Comics Education in Conversation: Kinko Ito

By Kaitlyn Spotts | October 22 2021 | GeneralGraphic Novels

Kinko Ito received her Ph.D. in Sociology from The Ohio State University. She is Professor of Sociology at University of Arkansas at Little Rock where she teaches Introduction to Sociology, Classical Sociological Theory, Organizations, and Japanese Culture and Society. She published numerous articles and book chapters on manga (Japanese comics), anime (animation), and the Ainu (the indigenous people of Japan) in such journals as Japan Studies Review, Journal of Popular Culture, International Journal of Comic Art, and Gurōbaru Kyōiku (Global Education). She published A Sociology of Japanese Ladies’ Comics: Images of Life, Loves, and Sexual Fantasies of Adult Japanese Women (The Edwin Mellen Press) in 2011. Her documentary films “Have You Heard about the Ainu? Elders of Japan’s Indigenous People Speak” (2016) and “Have You Heard about the Ainu? Part 2 Toward a Better Understanding and World Peace” (2018) are available on YouTube. She also published two books in Japan and several Kindle books for general audiences about her world travels, family, grievance, and breast cancer with her pen name K.I. Peeler.

 

How did you get started reading comics?

I was born and raised in central Japan where manga (Japanese comics) are the major and legitimate form of popular culture and entertainment along with film, theater, music, and sports. Manga as visual texts have a very long history, and they are actually a national obsession. I started reading comics when I was in the first grade.

My mother taught me how to read and write Japanese when I was about four years old using square wooden blocks that had letters on one side and pictures on the other. The Japanese language uses more than a few thousand Chinese characters in addition to hiragana and katakana (Japanese characters). Thanks to Ruby, hiragana written in small fonts next to difficult Chinese characters, children can read manga easily. Throughout my elementary school years, I had a subscription to an educational monthly magazine recommended by the teachers. It was specifically published for a specific grade and contained photographs, reading materials, and a few comic stories.

My mother was a principal at a municipal kindergarten then, and she was one of those people who believed that reading comics only was detrimental to my academic development. She prohibited me from purchasing them. I borrowed them from my friends in the neighborhood. My cousin subscribed to a weekly comic magazine for boys and youth, and he often purchased other brands’ magazines as well. I had a free access to his vast collection of comic magazines, each of which contained about a dozen serialized comic stories with themes like adventure, history, violence, sports, humor, and gag.

Various genres of Japanese comics are roughly divided by the sex and the age (children, youth, young adult men and women, mature women, etc.) as well as among different topics, special interests, hobbies, fetishes, and drawing styles. In my childhood, I was exposed to both girls’ and boys’ comics. Possibly, it is one of the reasons why I grew up to be androgynous. I loved reading about both girls’ and boys’ hopes, dreams, fears, adventures, psychology, and humor.

 

How did you get from your first comics-reading experience to doing academic work in the medium?

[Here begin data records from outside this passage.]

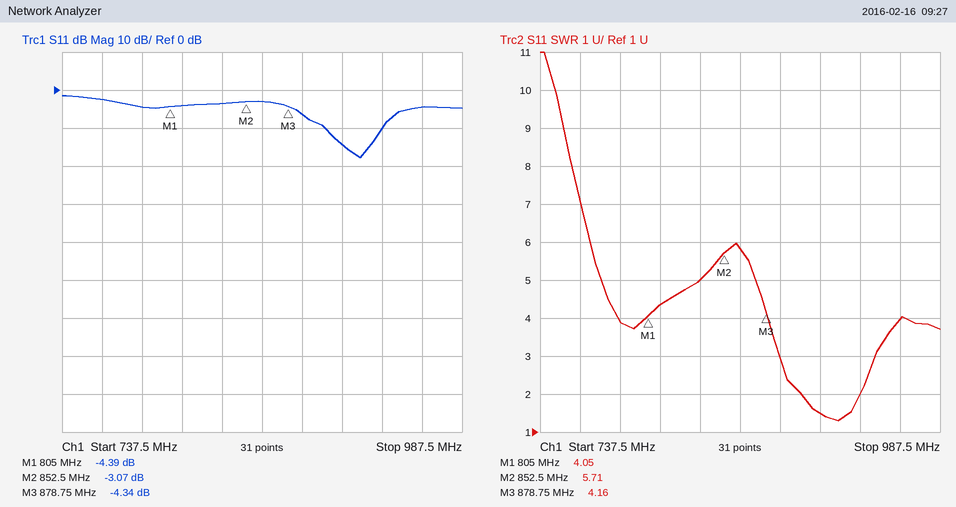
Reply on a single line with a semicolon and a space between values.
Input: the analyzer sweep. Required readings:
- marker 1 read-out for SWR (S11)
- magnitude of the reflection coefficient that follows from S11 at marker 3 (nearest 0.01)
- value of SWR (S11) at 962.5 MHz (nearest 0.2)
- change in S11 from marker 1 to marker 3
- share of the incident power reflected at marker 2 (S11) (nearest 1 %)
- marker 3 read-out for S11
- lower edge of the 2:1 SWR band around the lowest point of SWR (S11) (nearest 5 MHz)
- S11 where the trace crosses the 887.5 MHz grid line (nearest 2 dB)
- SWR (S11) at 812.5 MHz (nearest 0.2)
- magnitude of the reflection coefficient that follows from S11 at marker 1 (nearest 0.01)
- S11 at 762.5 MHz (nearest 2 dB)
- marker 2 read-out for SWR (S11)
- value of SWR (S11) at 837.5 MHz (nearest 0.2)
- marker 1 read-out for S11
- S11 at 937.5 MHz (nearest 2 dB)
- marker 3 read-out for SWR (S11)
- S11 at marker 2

4.05; 0.61; 4.0; 0.05 dB; 49 %; -4.34 dB; 900 MHz; -6 dB; 4.4; 0.60; -2 dB; 5.71; 5.0; -4.39 dB; -10 dB; 4.16; -3.07 dB

Manga have a very long history in Japan, and they include visual texts such as picture scrolls, graphic stories, and modern comic books and weekly and monthly comic magazines. Cartoons, pictures, and illustrations are also used as a legitimate means of disseminating information and as an effective pedagogical method. Visual images are utilized in manuals, signs, newspapers, magazines, and advertisements more often than in other nations. Comic books and magazines are sold in various stores, and they are available in both public and school libraries as well as at ramen noodle restaurants, cafés, and doctors’ waiting rooms. Basically, the Japanese in general are surrounded by the visual texts in their everyday life. Manga are truly popular entertainment of the masses in Japan and are not considered as low brow. They, however, became an interdisciplinary academic discipline only recently.

I read manga up to my freshman year at college when I switched to reading literature. I seldom read manga while I was an undergraduate student, but when I visited my friends’ homes, I borrowed their manga. When I was a graduate student at The Ohio State University, senior Japanese students in graduate and professional schools, who were mostly men, occasionally let me borrow their comic books which they brought from Japan or which were handed down to them. The comics were the must-read classics. I enjoyed reading them.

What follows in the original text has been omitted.